2008年04月26日
女として 安住 雄太
無駄な時間稼ぎをしたくはなかった、
「諦めたらどう?」
由紀恵を見据える眼に法の矛盾点が見え隠れする。
骨格形が男ならば、それは絶対と言えるのだろうか、
推測を超えた憶測の域に答えなどない。
「産めない女性だっているわ」
苛立ちを精一杯押し殺した声が震えていた、
「産めないなら男ととるのが社会よ」
嘲笑いを向けた小木の腕をとるなり由紀恵を強く振り払った。
「触らないでくれる」
*
頬を腫らした由紀恵と引っ掻き傷だらの小木を見渡すなり言葉が出てこない。
ここを離れてから数時間の間になにが起こったのか、寝ぼけた頭ではさっぱり理解ができなかった。
「とにかく出よう」
時刻は早朝六時を過ぎようとしていた、常勤たちが出向く前に、どうしても立ち去りたかった。

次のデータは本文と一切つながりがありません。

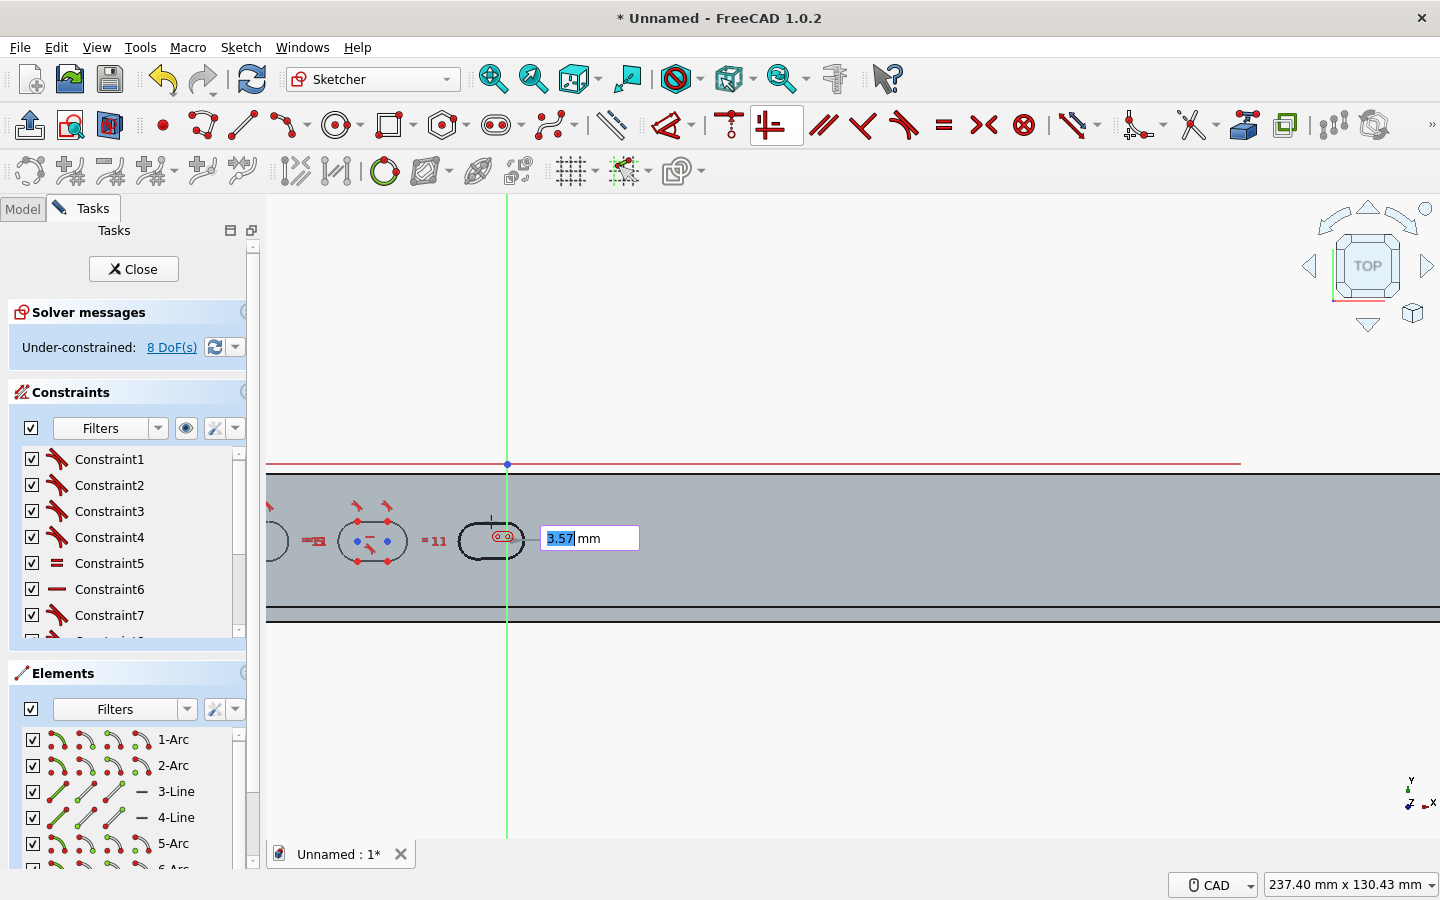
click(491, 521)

「産むも生まれるも性別だって絶対じゃない、育むことができない人を非難する権利がどこにもないように、性別だってそうよ、当たり前のように性別が振り分けられない時だってある、子供が欲しい家庭には子供が恵まれず、欲しくも無い人たちの間に生まれた子供たちはどうなるのかしら? すべてが揃っていると思ったら大間違いよ」
事件は予想外の思い込みから始まることがある。
親しさの裏返しが金の無心なら、催促する側は当然の権利を主張しようとさえする。
甘えは我がままであって相手側には迷惑極まりないことばかりである。
自己のない欲求は赤子の要求よりも始末が悪い。
黙りこんだまま、由紀恵は車に乗り込んだ。
力加減さえ、分からないのだろうか、
打ち付けられた頬が熱を帯びているのが見てわかる。
今回も、この一件を捻じ伏せるしかないようだ、もちろん小木への保身もあるが、それだけじゃなさそうだ。
「なにか言っていたようだけど」
俯いた由紀恵の顔から表情がまったく読み取れない。
和也は苦笑いをこぼした。
「都合のいい所で遊ぶつもりが、とんだ災難だと思い込んでいるだろうな」
扱いづらい女だと思った、
確かに男であるはずの存在が女にしか見えない。
当てが無いまま、走り出した車は目的地を求め、走りだしている。
一刻も早く、由紀恵を落ち着かせたい気持ちと小木を問い詰めたい気持ちがあった。
「いいんだぜ、怒ったてさ」
思わず、腫れた頬に由紀恵は手を当てた。
「嬉しかった」
思わず、ブレーキーを踏み込むなり由紀恵を見た。
「一番に信じてくれたから」
男ほど痴話に姑息なことはない、
あの時も偶然後を着けただけで不法侵入を企てた訳ではなかった。
後ろめたい疚しさが男の劣情に火を着けただけである。
「加害者意識って言うんだよ」
俯いていた由紀恵の顔が始めて和也を捉えた。
「後ろめたい奴ほど加害者になりたがる、俺は被害者だ、落ち度などなに一つない。自己保身もあそこまで行けば病気だ、だけどさ、それに意地を張るのが女なんだ。だから痴話が殺傷にさえもなる」
由紀恵は黙って頷いた、
和也の言う通り、加害者意識があるとしたら被害者意識だってあるはずだ。
それが、今の顔である。
由紀恵を女として接してくれたのは小木が始めであった。
取調べ室の出来事は警察官として刑事としては失格である。
女だから、必ずしも子供を産める訳でもなければ、子供を愛せるとも限らない。
冷静に考えれば、すべてが当然のことであった。
「だから、殺したのよ」
語る小木の言葉が由紀恵の頬を打った。
「怖い?」
現実を知らしめるほどに頬が打ち鳴ったのがよくわかった。
*
鼻にかかった声ですら、鬼の遠吠えである。
微かに血が滲んだ手を業とらしく見せた。
「それで?」
憮然とした顔を向けたまま和也は小木を見た。
由紀恵と言い、小木もまた本題ばかりをはぐらかす。
深夜の出来事は嫌と言うほど説明をするわりに肝心な一室は闇のなかである。